Andrea Mancini, coordinatore Ats1, aggiunge: «Come in passato abbiamo deciso di individuare i progetti da finanziare, nella modalità della co-progettazione. Credo che sia molto importante ringraziare tutti gli stakeholder del nostro territorio per la collaborazione e il valore messo in gioco in questa fase. Insieme all’assessore Pandolfi abbiamo trovato nella Casa Circondariale di Pesaro e nella direttrice, Annalisa Gasparro, una forte spinta a collaborare e co-progettare anche in occasione future e questo non potrà che fare il bene del nostro territorio».

Le 12 progettualità che prendono il via in questi giorni sono sostenute da 159.675,43€ di fondi regionali della legge 28 del 2008, integrate da una parte del “Fondo Povertà” «che abbiamo deciso di aggiungere per rinforzare le azioni promosse e a testimonianza della grande sensibilità verso il tema» precisa Pandolfi.

I PROGETTI

Per la Casa Circondariale (adulti)

Il progetto formativo seguito dall’Associazione Bracciaperte, coinvolge i detenuti in corsi di riparatore di elettrodomestici di meccanico bici e in un laboratorio artistico di xilografia nella sezione femminile.
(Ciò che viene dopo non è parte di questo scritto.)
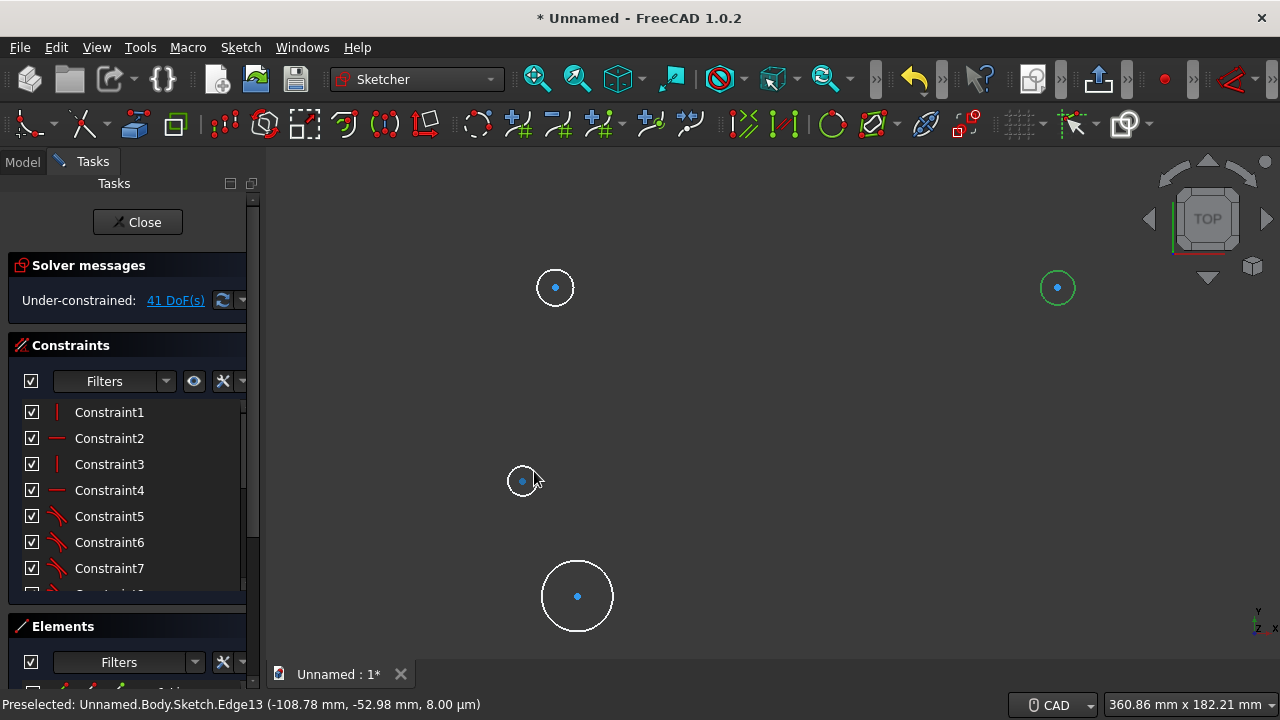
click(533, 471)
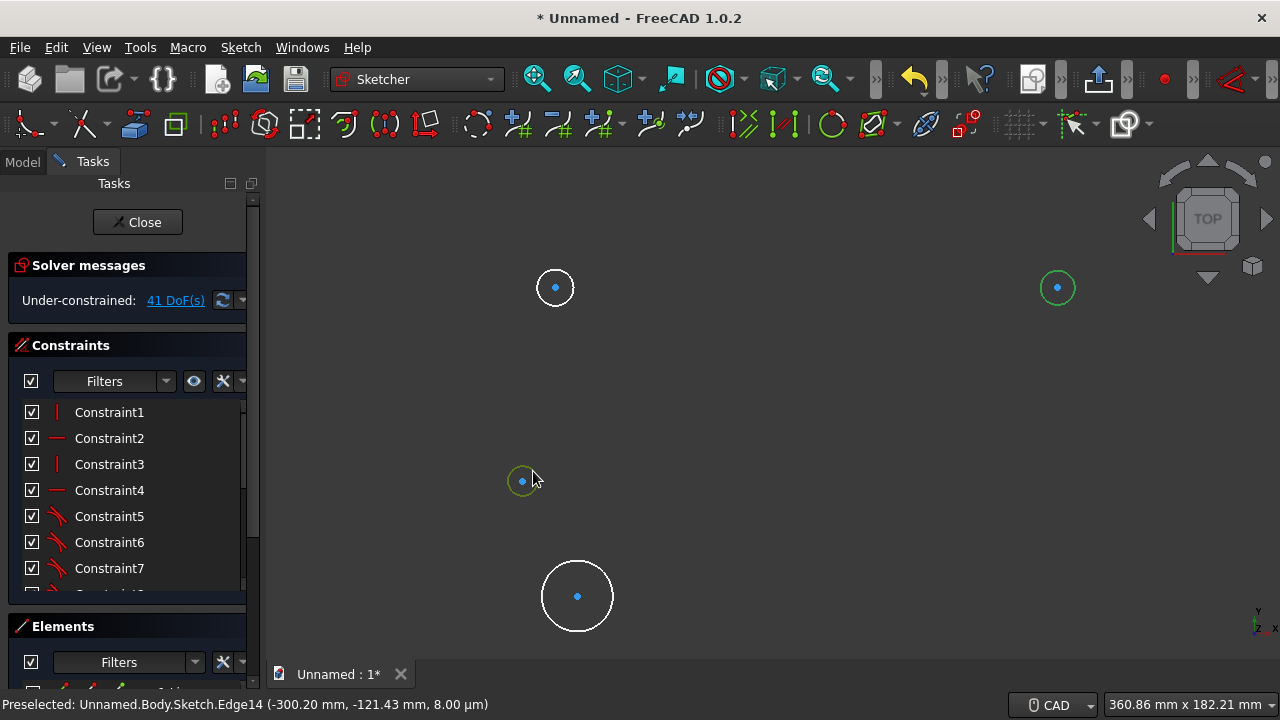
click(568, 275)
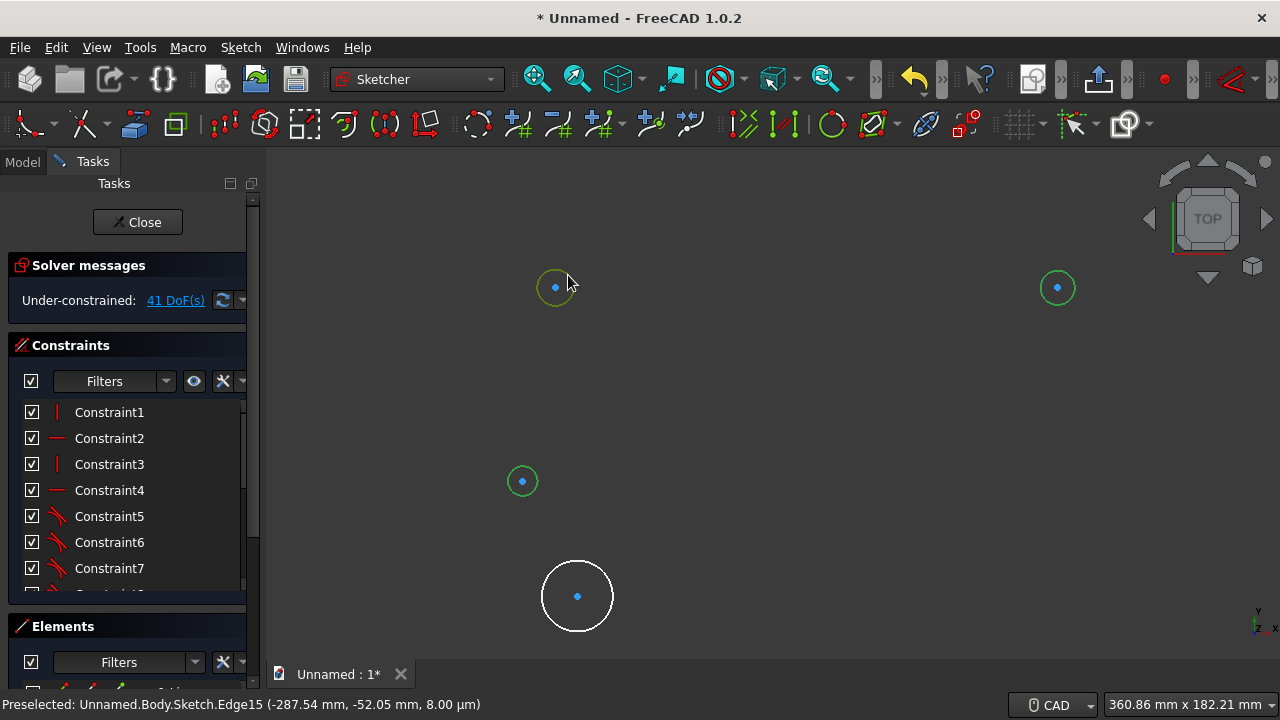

Il Centro Cinofilo “Il Regno Del Cane” propone un corso di operatore di canile che può svolgere il ruolo di assistente al fianco di figure professionali (educatore e addestratore cinofili professionisti). Saranno seguiti da Officina Ass. Cult. Onlus i laboratori di scrittura creativa, scrittura cinematografica e realizzazione di film(cortometraggi) che si terranno all’interno del carcere. Presente anche la Fondazione Libera.Mente, in campo con un atelier di arte terapia e la Fondazione Caritas che aprirà il suo sportello in risposta alle necessità primarie dei detenuti, in particolar modo dei nuovi ingressi. Aperto anche lo sportello di mediazione interculturale a cura della Cooperativa Labirinto e quello di accoglienza della T41B Soc.Coop. Soc. i cui operatori accompagneranno la persona detenuta in un percorso personalizzato di auto-valorizzazione e di autonomia attraverso colloquio di conoscenza, di ascolto e di sostegno.

Per i minori

Aenigma APS propone un progetto strutturato, attraverso l’espressione artistica, di un’esperienza di comunicazione positiva tra preadolescenti o adolescenti e persone private della libertà personale, detenute. La T41B Soc. Coop. Soc. si rivolge a minori sottoposti all’autorità giudiziaria e, in collaborazione con il servizio USSM, propone un percorso che prevede la formazione al lavoro, l’orientamento professionale e tirocini di inclusione sociale come esperienza di lavoro nelle aziende. Rivolto ai minori anche l’intervento di Cooss Marche Onlus Scpa per la presa in carico sociale di supporto alle iniziative poste in essere dagli assistenti sociali dell’USSM.

Progetto residenziale

È previsto un sostegno economico per una struttura domiciliare, gestita dalla Polo 9 Soc. Coop. Soc, per uomini adulti in misura alternativa, fine pena o in uscita dal carcere.

Progetto a ricaduta regionale

Il progetto unitario “Il teatro in carcere” di Aenigma Aps realizzerà laboratori teatrali nei 6 istituti penitenziari marchigiani.